Evaluate How You Got into Bankruptcy 
There are many reasons that can cause an individual to declare bankruptcy. Some financial issues might be out of your control, such as medical bills, law suits, layoffs, or divorce. But there other factors that can lead you to bankruptcy or make you more susceptible to bankruptcy that can be managed. You might have to ask yourself some tough questions as you evaluate your path to bankruptcy. Maybe credit card companies seduced you with the promise of easy credit, but then hit you with high interest rates. With the enticement of credit cards and their "easy monthly payments" you can very quickly find yourself in big financial trouble.

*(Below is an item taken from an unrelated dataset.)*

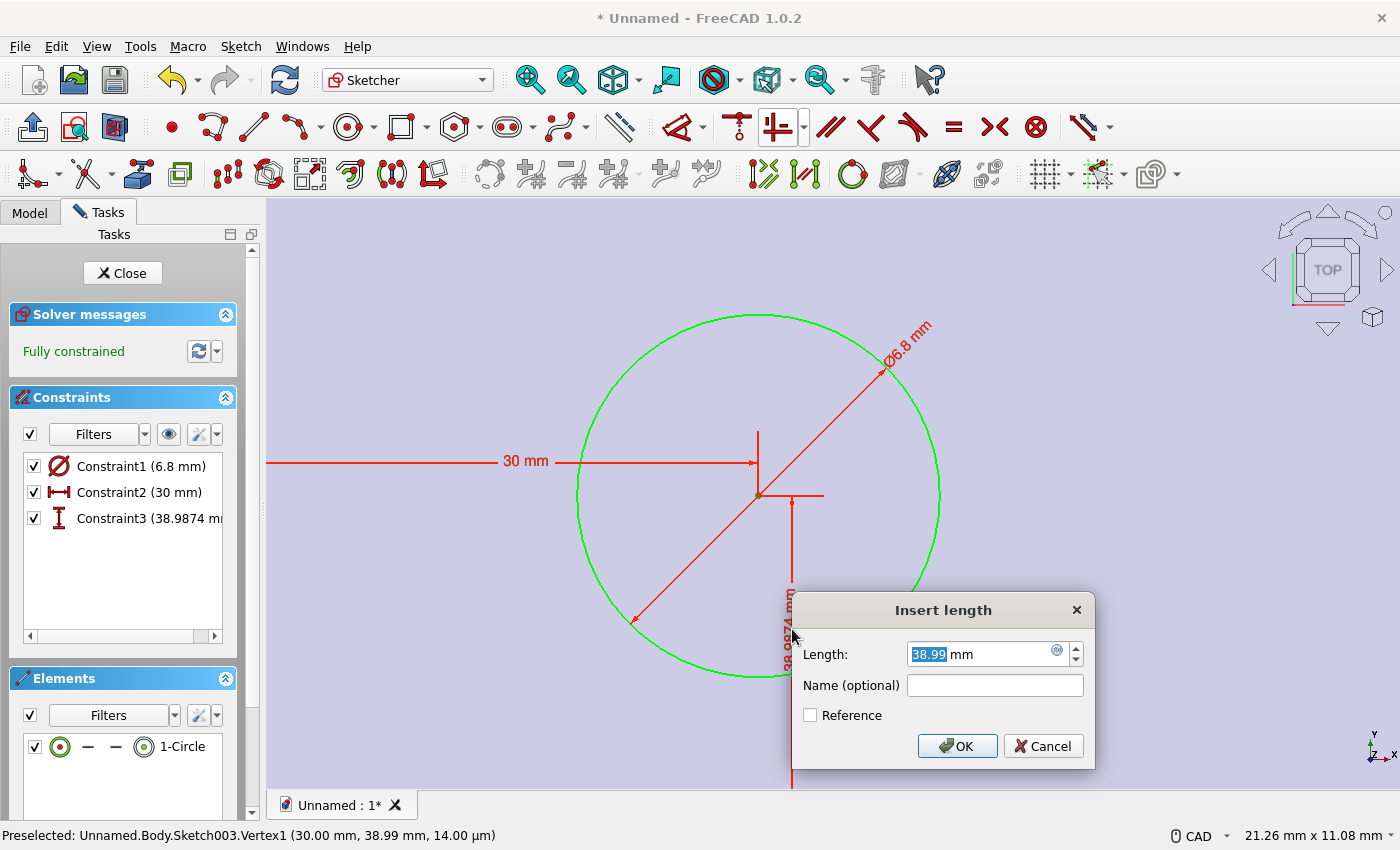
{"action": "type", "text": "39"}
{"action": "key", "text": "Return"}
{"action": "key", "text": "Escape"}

Another cause of bankruptcy can be a lack of emergency savings. Many folks fail to create a financial plan that includes setting aside a percentage of their income that can be accessed in the event of a layoff or emergency. Some people get in trouble by buying more house than they can afford, and when a financial crisis occurs, find themselves burdened with a mortgage payment larger than their income. Whatever the cause, take some time to evaluate what happened, and see if there are any steps you can take to avoid problems of the past.

Make a Spending Plan 
A spending plan is simply deciding what you are going to do with your money before spending it. By writing down your income and expenses, you can get an idea of where your money is going. That way, you can decide ahead of time whether to go out to lunch or bring it to work with you. On one hand, a spending plan gives you the ability to say "No" to buying something you don't need. On the other hand, a spending plan also gives you the freedom to buy something guilt-free because you know you have the money to make the purchase. And don't forget, when you cash your paycheck, the first person you should pay is yourself. The old adage of saving money for a rainy day has a lot of truth to it. Setting aside a percentage of your pay in a "Just in case" account is a simple and affordable means to be prepared. Bad things happen to good people. And it might have been unexpected expenses that caused your bankruptcy. However, an emergency fund just might help mitigate some of the effects of future emergencies or setbacks.

Rebuild Your Credit 
It is no secret that bankruptcy is a black mark on your credit report. But credit scores can be rebuilt. And it is important for your financial future to repair your credit. After you have made your spending plan and know that you can live by it, consider getting a secured credit card. This is a card that is secured by a cash deposit you make. Even though a credit card can get you into trouble, it can also be a tool to improve your credit score. By using this secured card to make small purchases and paying off the balance every month, you will show that you are a good credit risk, and your credit score will start to rise. Even if you plan to never borrow another dollar, you need a good credit score. Your credit score affects things such as your insurance rates, whether you can get a cellular phone, and rental applications.

Ask a Bankruptcy Attorney 
As you go through the process of your bankruptcy, speak with your bankruptcy attorney about resources that you can use to get a fresh start.

There are organizations in Mankato, Minnesota that can help you with secure your financial future.